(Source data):
○ ○ ○ ○

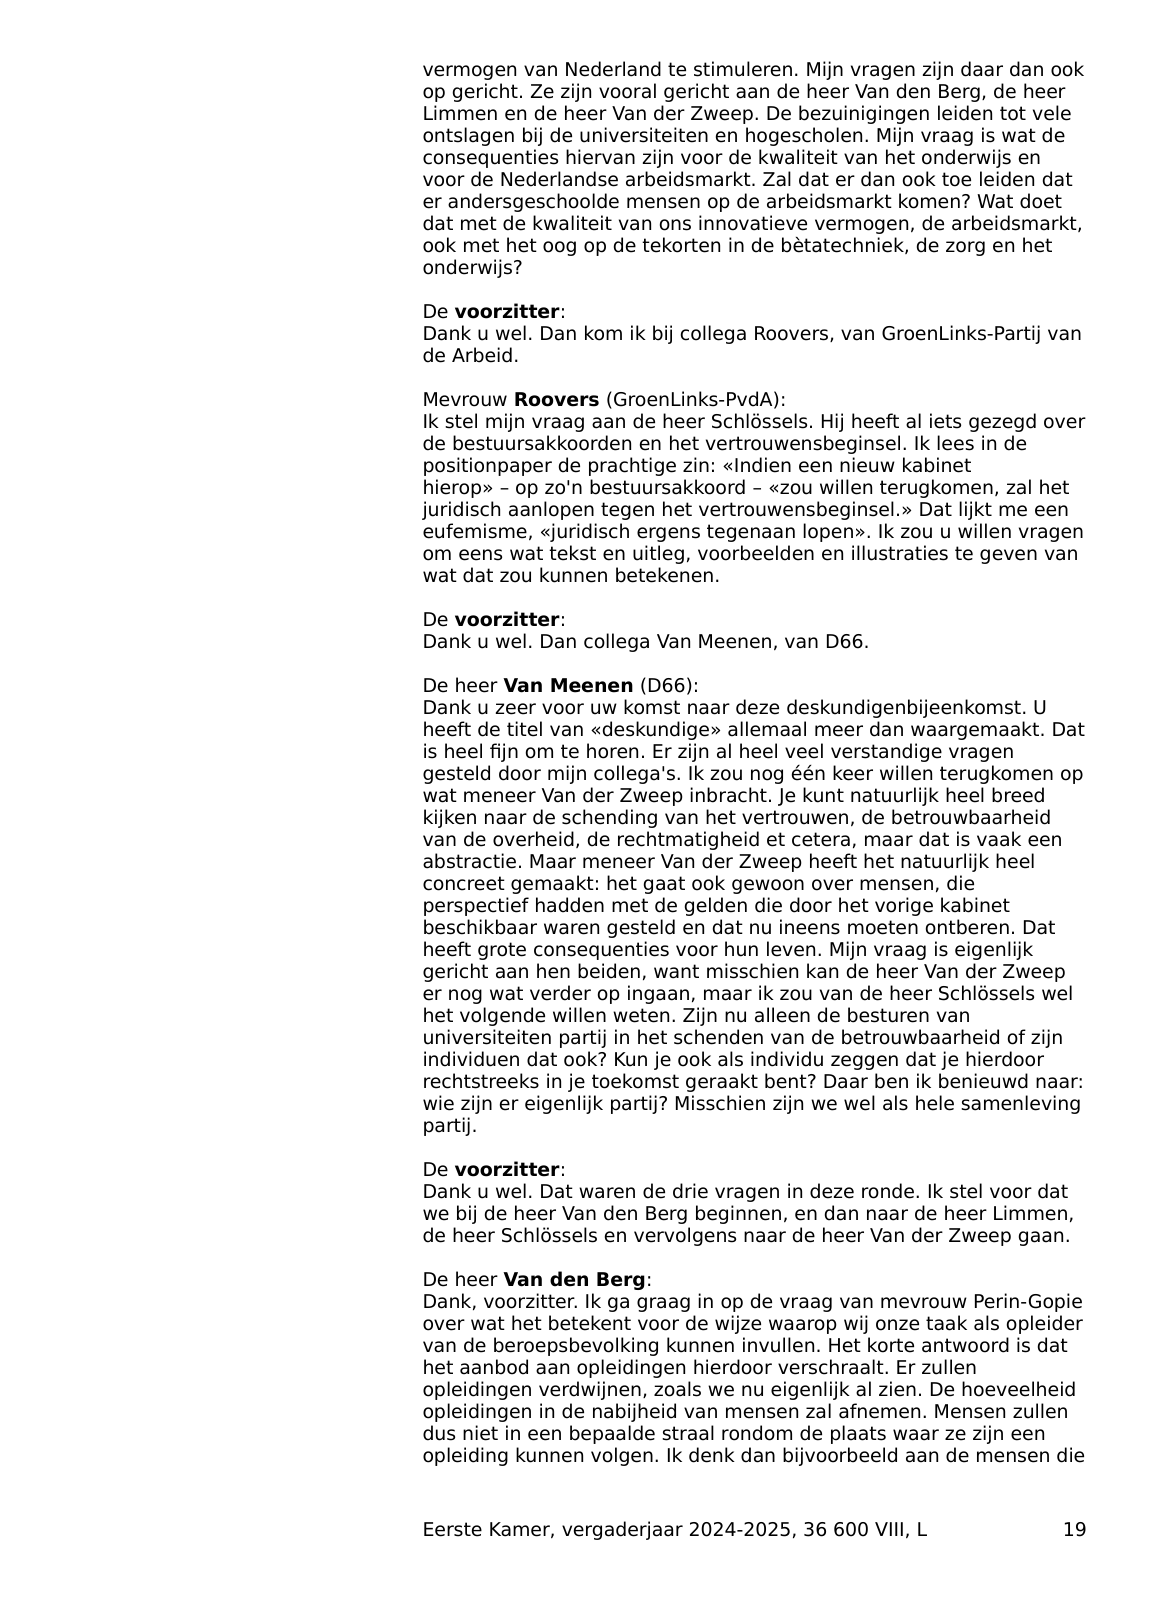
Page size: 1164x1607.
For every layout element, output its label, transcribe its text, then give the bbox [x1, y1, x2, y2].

text Dank u zeer voor uw komst naar deze deskundigenbijeenkomst. U heeft de titel van «deskundige» allemaal meer dan waargemaakt. Dat is heel fijn om te horen. Er zijn al heel veel verstandige vragen gesteld door mijn collega's. Ik zou nog één keer willen terugkomen op wat meneer Van der Zweep inbracht. Je kunt natuurlijk heel breed kijken naar de schending van het vertrouwen, de betrouwbaarheid van de overheid, de rechtmatigheid et cetera, maar dat is vaak een abstractie. Maar meneer Van der Zweep heeft het natuurlijk heel concreet gemaakt: het gaat ook gewoon over mensen, die perspectief hadden met de gelden die door het vorige kabinet beschikbaar waren gesteld en dat nu ineens moeten ontberen. Dat heeft grote consequenties voor hun leven. Mijn vraag is eigenlijk gericht aan hen beiden, want misschien kan de heer Van der Zweep er nog wat verder op ingaan, maar ik zou van de heer Schlössels wel het volgende willen weten. Zijn nu alleen de besturen van universiteiten partij in het schenden van de betrouwbaarheid of zijn individuen dat ook? Kun je ook als individu zeggen dat je hierdoor rechtstreeks in je toekomst geraakt bent? Daar ben ik benieuwd naar: wie zijn er eigenlijk partij? Misschien zijn we wel als hele samenleving partij. [422, 697, 1087, 1137]
text De heer Van den Berg: [422, 1269, 1087, 1291]
text Dank u wel. Dan collega Van Meenen, van D66. [422, 631, 1087, 653]
text Mevrouw Roovers (GroenLinks-PvdA): [422, 389, 1087, 411]
text De voorzitter: [422, 1159, 1087, 1181]
text Dank u wel. Dat waren de drie vragen in deze ronde. Ik stel voor dat we bij de heer Van den Berg beginnen, en dan naar de heer Limmen, de heer Schlössels en vervolgens naar de heer Van der Zweep gaan. [422, 1181, 1087, 1247]
text Ik stel mijn vraag aan de heer Schlössels. Hij heeft al iets gezegd over de bestuursakkoorden en het vertrouwensbeginsel. Ik lees in de positionpaper de prachtige zin: «Indien een nieuw kabinet hierop» – op zo'n bestuursakkoord – «zou willen terugkomen, zal het juridisch aanlopen tegen het vertrouwensbeginsel.» Dat lijkt me een eufemisme, «juridisch ergens tegenaan lopen». Ik zou u willen vragen om eens wat tekst en uitleg, voorbeelden en illustraties te geven van wat dat zou kunnen betekenen. [422, 411, 1087, 587]
text Dank u wel. Dan kom ik bij collega Roovers, van GroenLinks-Partij van de Arbeid. [422, 323, 1087, 367]
text De heer Van Meenen (D66): [422, 675, 1087, 697]
text De voorzitter: [422, 301, 1087, 323]
text Dank, voorzitter. Ik ga graag in op de vraag van mevrouw Perin-Gopie over wat het betekent voor de wijze waarop wij onze taak als opleider van de beroepsbevolking kunnen invullen. Het korte antwoord is dat het aanbod aan opleidingen hierdoor verschraalt. Er zullen opleidingen verdwijnen, zoals we nu eigenlijk al zien. De hoeveelheid opleidingen in de nabijheid van mensen zal afnemen. Mensen zullen dus niet in een bepaalde straal rondom de plaats waar ze zijn een opleiding kunnen volgen. Ik denk dan bijvoorbeeld aan de mensen die [422, 1291, 1087, 1467]
text vermogen van Nederland te stimuleren. Mijn vragen zijn daar dan ook op gericht. Ze zijn vooral gericht aan de heer Van den Berg, de heer Limmen en de heer Van der Zweep. De bezuinigingen leiden tot vele ontslagen bij de universiteiten en hogescholen. Mijn vraag is wat de consequenties hiervan zijn voor de kwaliteit van het onderwijs en voor de Nederlandse arbeidsmarkt. Zal dat er dan ook toe leiden dat er andersgeschoolde mensen op de arbeidsmarkt komen? Wat doet dat met de kwaliteit van ons innovatieve vermogen, de arbeidsmarkt, ook met het oog op de tekorten in de bètatechniek, de zorg en het onderwijs? [422, 59, 1087, 279]
text De voorzitter: [422, 609, 1087, 631]
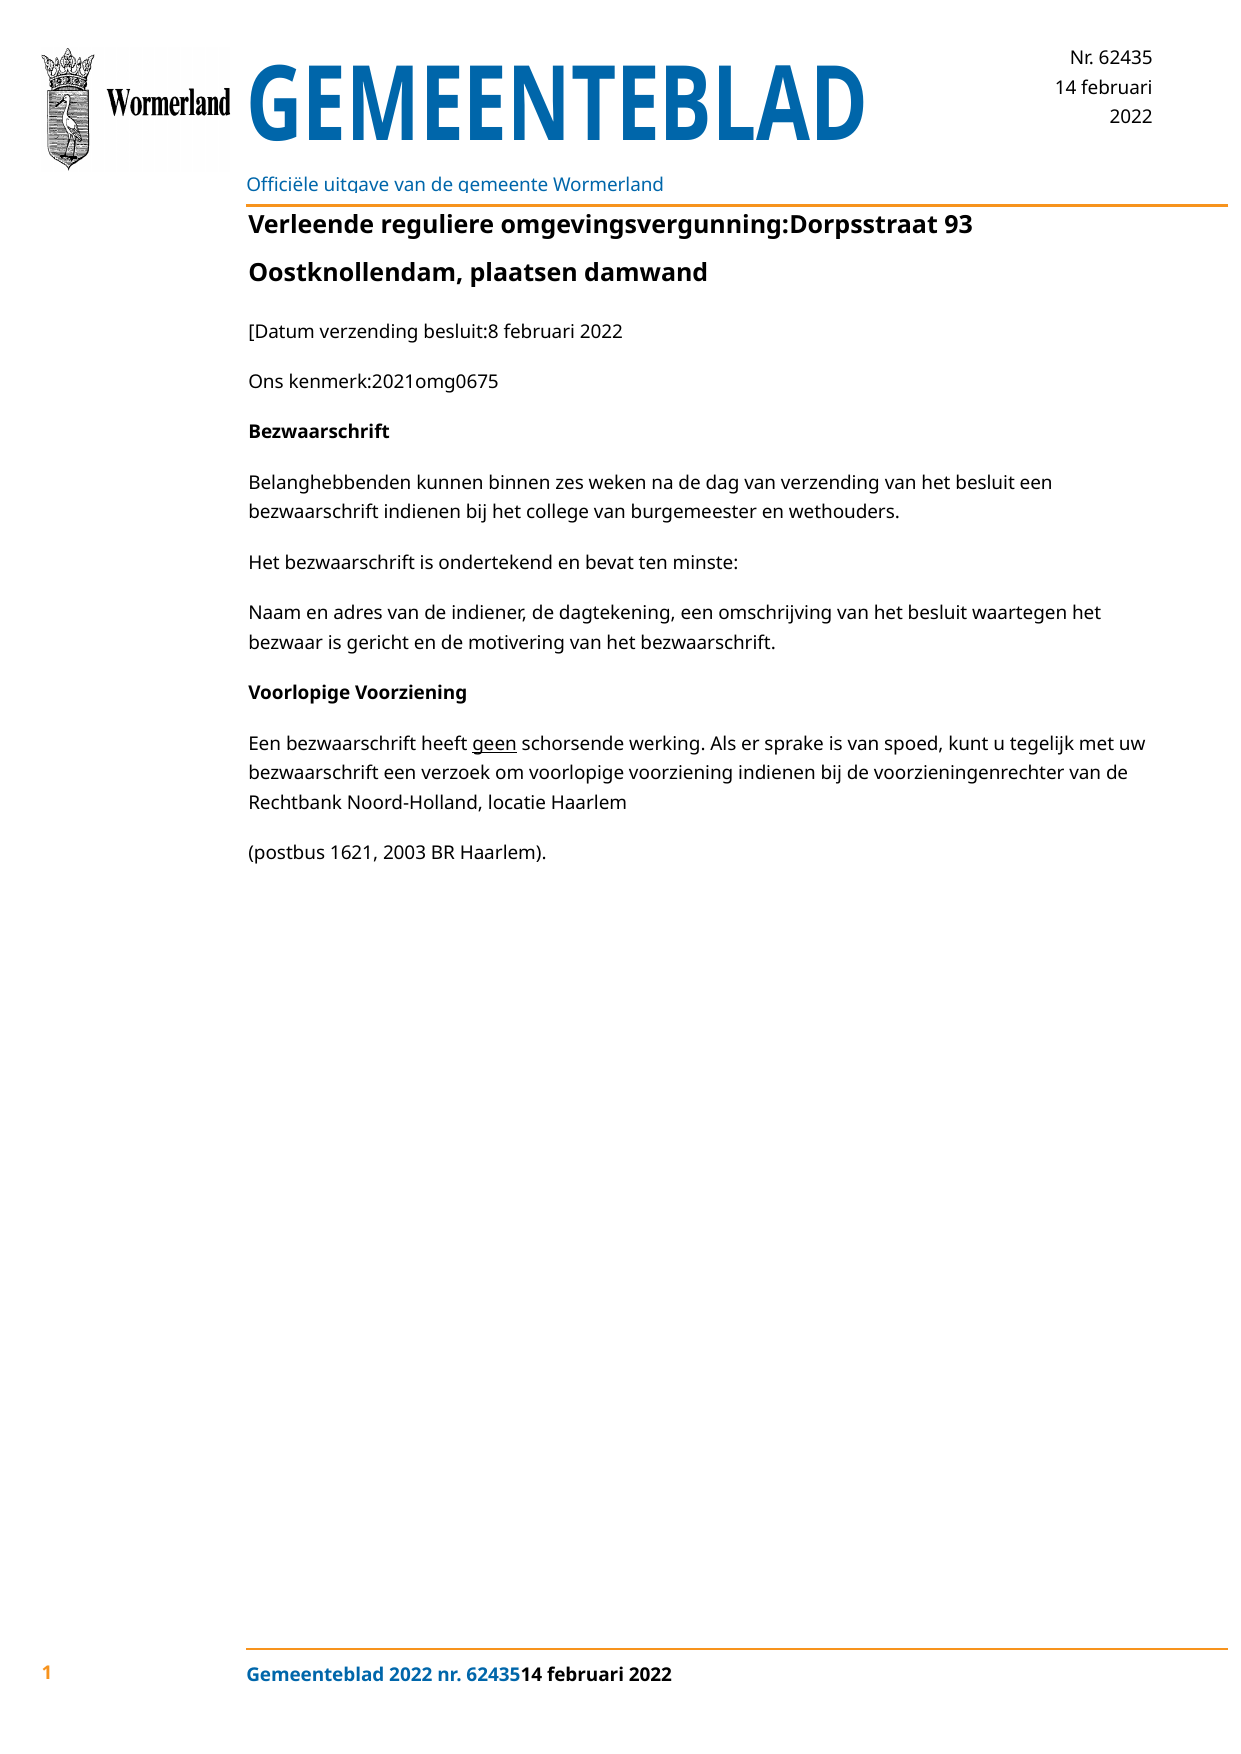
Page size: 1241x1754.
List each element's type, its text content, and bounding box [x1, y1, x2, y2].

text [Datum verzending besluit:8 februari 2022 [248, 318, 1152, 344]
text Naam en adres van de indiener, de dagtekening, een omschrijving van het besluit waartegen het bezwaar is gericht en de motivering van het bezwaarschrift. [248, 599, 1152, 655]
text Belanghebbenden kunnen binnen zes weken na de dag van verzending van het besluit een bezwaarschrift indienen bij het college van burgemeester en wethouders. [248, 469, 1152, 524]
text Ons kenmerk:2021omg0675 [248, 368, 1152, 394]
text Voorlopige Voorziening [248, 679, 1152, 705]
picture [41, 47, 231, 172]
text (postbus 1621, 2003 BR Haarlem). [248, 839, 1152, 865]
text Verleende reguliere omgevingsvergunning:Dorpsstraat 93 Oostknollendam, plaatsen damwand [248, 207, 1152, 288]
text Bezwaarschrift [248, 419, 1152, 444]
text Het bezwaarschrift is ondertekend en bevat ten minste: [248, 549, 1152, 575]
text Een bezwaarschrift heeft geen schorsende werking. Als er sprake is van spoed, kunt u tegelijk met uw bezwaarschrift een verzoek om voorlopige voorziening indienen bij de voorzieningenrechter van de Rechtbank Noord-Holland, locatie Haarlem [248, 730, 1152, 815]

○ ○ ○ ○

(TASK PROMPT): Check each line of the records above, and copy those that hold the word "voorzitter".

(YOUR RESPONSE):
text De voorzitter: [422, 1159, 1087, 1181]
text De voorzitter: [422, 301, 1087, 323]
text Dank, voorzitter. Ik ga graag in op de vraag van mevrouw Perin-Gopie over wat het betekent voor de wijze waarop wij onze taak als opleider van de beroepsbevolking kunnen invullen. Het korte antwoord is dat het aanbod aan opleidingen hierdoor verschraalt. Er zullen opleidingen verdwijnen, zoals we nu eigenlijk al zien. De hoeveelheid opleidingen in de nabijheid van mensen zal afnemen. Mensen zullen dus niet in een bepaalde straal rondom de plaats waar ze zijn een opleiding kunnen volgen. Ik denk dan bijvoorbeeld aan de mensen die [422, 1291, 1087, 1467]
text De voorzitter: [422, 609, 1087, 631]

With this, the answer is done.